One potential explanation is given in this comment: https://github.com/nextflow-io/nextflow/issues/931#issuecomment-470156921 which suggests that:
Once the exit code file is detected, the main Nextflow program will immediately (<1ms?) check for the presence of the output files. If the output files have not appeared yet, Nextflow does not wait for them, and the process will fail.

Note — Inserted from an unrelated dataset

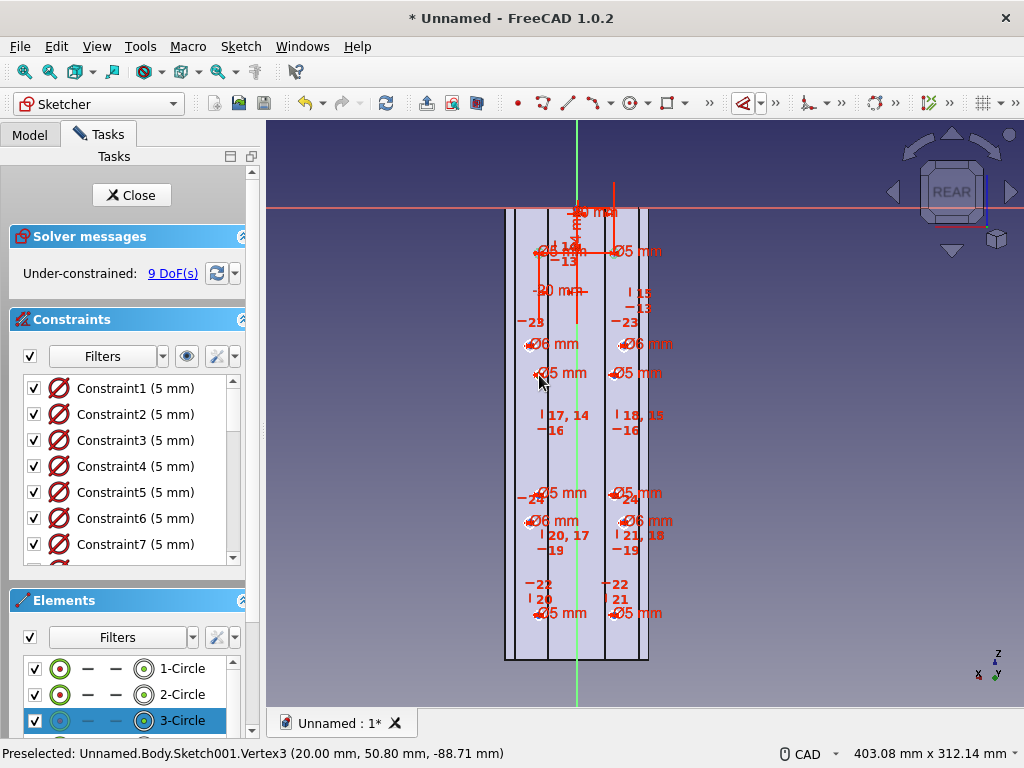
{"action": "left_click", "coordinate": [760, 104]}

It seems that there's a related issue at https://github.com/nextflow-io/nextflow/issues/1078, but it was closed due to inactivity.
I'm running into the same issue, also with v20.04.1+SLURM and one of the jobs continuing to run even though it is listed as failed. The error occurs exactly after 7 minutes, as in #1235.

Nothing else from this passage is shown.